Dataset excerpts
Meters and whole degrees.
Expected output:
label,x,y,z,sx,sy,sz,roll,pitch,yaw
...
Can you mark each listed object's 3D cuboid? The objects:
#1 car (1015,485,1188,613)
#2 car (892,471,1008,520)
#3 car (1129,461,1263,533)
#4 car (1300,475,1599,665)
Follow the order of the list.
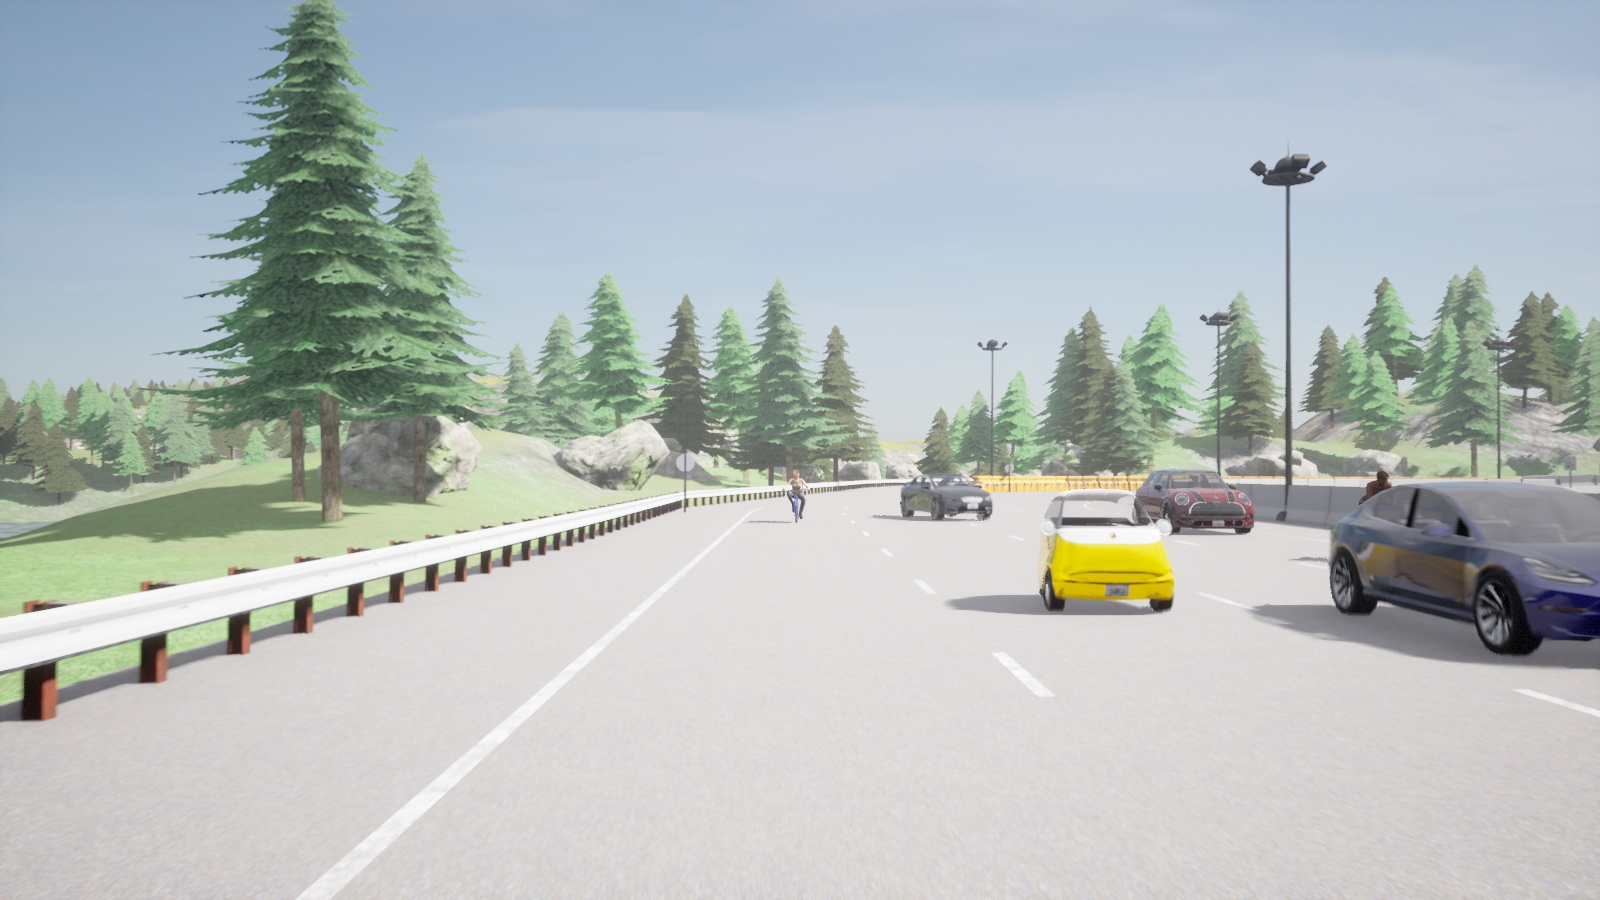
label,x,y,z,sx,sy,sz,roll,pitch,yaw
car,3.465,1.105,14.737,1.481,1.376,2.207,0,-2,0
car,4.855,1.456,41.435,2.128,1.511,4.902,0,-1,-15
car,10.419,1.200,33.446,2.097,1.767,4.553,0,-1,0
car,6.971,0.997,12.360,2.163,1.488,4.792,0,-1,0

### Problem
Your answer must be an exact transcription of every entry, minus the pictures.

### Output for this task
Meters and whole degrees.
Expected output:
label,x,y,z,sx,sy,sz,roll,pitch,yaw
...
Can you mark each listed object's 3D cuboid? The objects:
#1 car (1015,485,1188,613)
#2 car (892,471,1008,520)
#3 car (1129,461,1263,533)
#4 car (1300,475,1599,665)
Follow the order of the list.
label,x,y,z,sx,sy,sz,roll,pitch,yaw
car,3.465,1.105,14.737,1.481,1.376,2.207,0,-2,0
car,4.855,1.456,41.435,2.128,1.511,4.902,0,-1,-15
car,10.419,1.200,33.446,2.097,1.767,4.553,0,-1,0
car,6.971,0.997,12.360,2.163,1.488,4.792,0,-1,0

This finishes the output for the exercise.